L’AP n’adresse plus ses patients aux hôpitaux israéliens
Un porte-parole accuse Israël de surfacturer les Palestiniens et de déduire les frais médicaux des impôts sans permission ; le ministère des Finances invoque le protocole de Paris
Le ministère de la Santé de l’Autorité palestinienne a arrêté d’envoyer des patients de Cisjordanie ou de Gaza dans les hôpitaux israéliens, a confirmé un responsable palestinien lundi.
Des agences de presse gouvernementales et des médias indépendants ont rapporté la semaine dernière que l’AP n’envoyait plus ses malades en Israël.
« Nous n’adresserons plus de patients aux hôpitaux israéliens parce qu’Israël nous surfacture les services médicaux et prend des fonds pour régler les factures médicales sans notre permission », a déclaré Osama al-Najjar, porte-parole du ministère de la Santé au Times of Israël.
L’AP a longtemps réglé les factures médicales des Palestiniens après que des malades ont été envoyés dans des hôpitaux israéliens – quand les hôpitaux palestiniens ne pouvaient pas les prendre en charge, par manque de ressources. Selon Najjar, l’AP a fait suivre l’an dernier 50 000 patients palestiniens dans des hôpitaux israéliens.
Najjar a déclaré que le ministère des Finances israélien, qui déduit les factures médicales des revenus fiscaux que l’Etat hébreu perçoit pour le compte de l’AP et lui reverse, s’est refusé à chercher des solutions avec Ramallah.
« Nous avons dit aux responsables israéliens que nous voulions trouver une solution à ce problème, mais ils ont refusé », a-t-il dit, ajoutant que l’AP avait payé près de 100 millions de dollars l’an dernier en frais de santé. « Donc nous avons décidé de prendre cette décision. Nous ne pouvons pas laisser Israël nous prendre notre argent contre notre volonté. »

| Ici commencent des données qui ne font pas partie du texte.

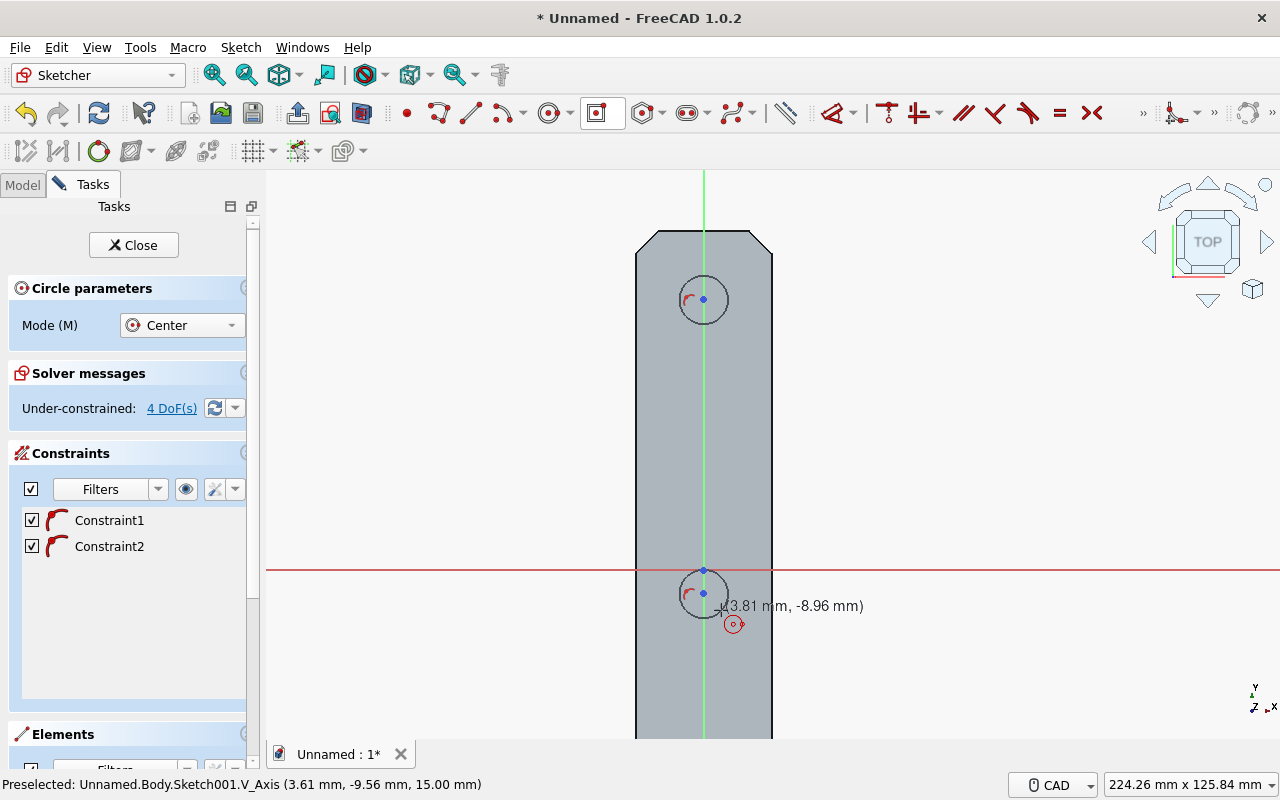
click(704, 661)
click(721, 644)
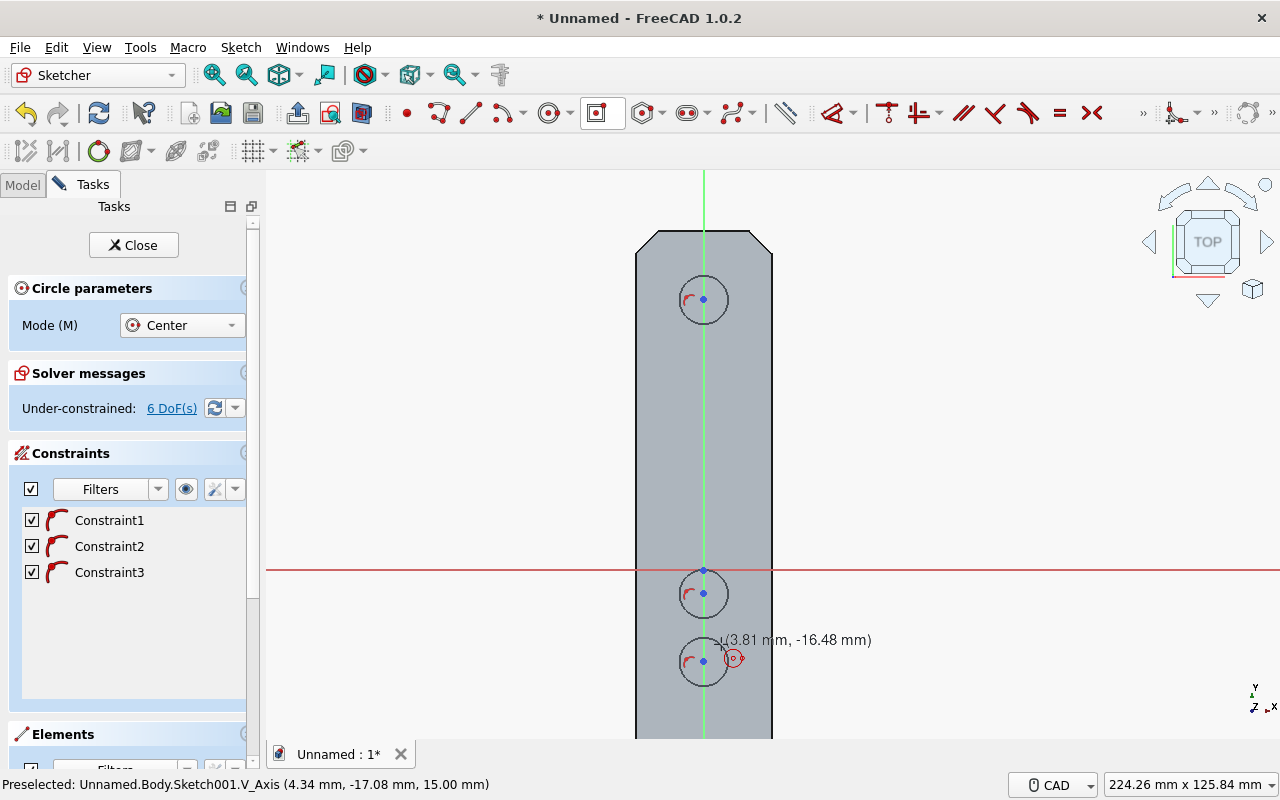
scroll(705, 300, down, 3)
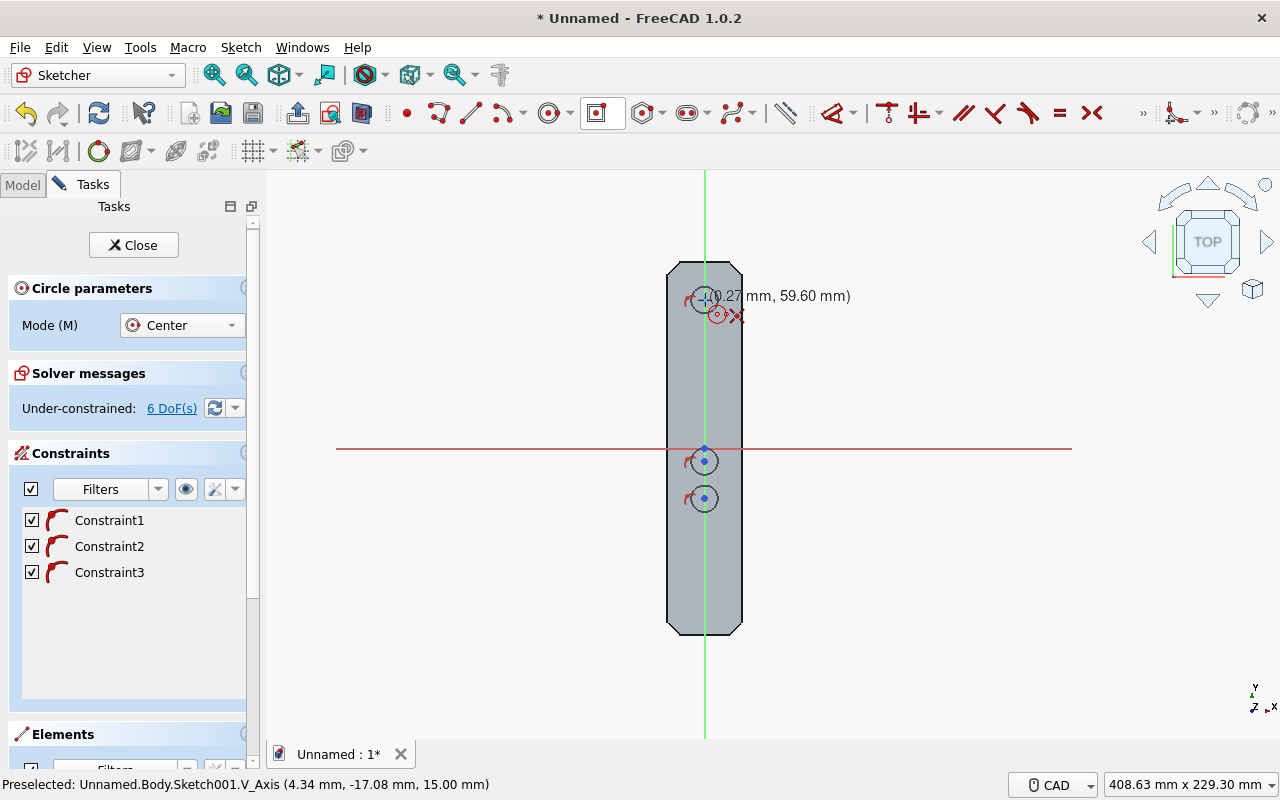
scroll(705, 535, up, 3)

Interrogé sur les accusations lancées par Najjar, le ministère des Finances a déclaré que « conformément au protocole de Paris et au droit israélien, le ministère des Finances déduit des revenus (fiscaux) collectés pour le compte de l’Autorité palestinienne les paiements qu’elle – ou que les organes sous son contrôle – nous doivent. Ce qui inclut la prise en charge dans les hôpitaux israéliens des patients palestiniens adressés par l’AP. Cela est réalisé en toute transparence et conformément aux protocoles. »
Le protocole de Paris est une annexe des Accords d’Oslo, les accords qu’Israël et l’Organisation de Libération de la Palestine (OLP) ont signés dans les années 1990 et qui définissent les relations économiques entre l’Etat hébreu et l’AP.
Le Coordonnateur des activités gouvernementales dans les territoires palestiniens (COGAT), une branche du ministère de la Défense chargé de la liaison avec les Palestiniens, a refusé de commenter.
Najjar a ajouté que si Ramallah n’adressait plus ses patients aux hôpitaux israéliens, ils sont toujours envoyés dans les hôpitaux de Jérusalem-Est.
Il existe six hôpitaux gérés par les Palestiniens à Jérusalem-Est.
Najjar a également déclaré que l’AP enverra dorénavant les patients dont la prise en charge ne sera pas suffisante dans les hôpitaux palestiniens ou à Jérusalem-Est « vers des centres médicaux jordaniens, égyptiens, ou autres. »
« Nous avons des alternatives aux hôpitaux israéliens, et nous allons les exploiter », a-t-il dit.
Mahmoud Daher, chef de la division de Gaza au sein de l’Organisation mondiale de la Santé (OMS), a déclaré qu’on ignore encore si la décision de l’AP aura des répercussions négatives sur les patients palestiniens.
« Nous ne connaissons pas encore les conséquences de cette décision », a déclaré Daher au téléphone. « Tout dépendra de la capacité effective du ministère de la Santé à envoyer les patients qui ont besoin de traitements spéciaux en Jordanie et en Egypte. Le temps nous le dira. »
Selon Najjar, l’AP aurait déja conclu un accord dimanche avec un hôpital jordanien concernant la prise en charge d’un certain nombre de malades.
Un responsable de l’ONG Physicians for Human Rights-Israël a déclaré qu’elle estimait qu’Israël aurait dû autoriser l’AP à payer ce qu’elle pouvait pour les frais médicaux investis dans les hôpitaux.
« Etant donné qu’Israël a une influence décisive sur le quotidien, sur l’économie et sur la santé des Palestiniens, et au vu de l’occupation exercée par le pays, il aurait dû, au moins, autoriser l’Autorité palestinienne à acheter des services au prix qu’elle peut payer », a estimé Mor Efrat, directrice du département des Territoires occupés au sein de l’ONG, dans un message.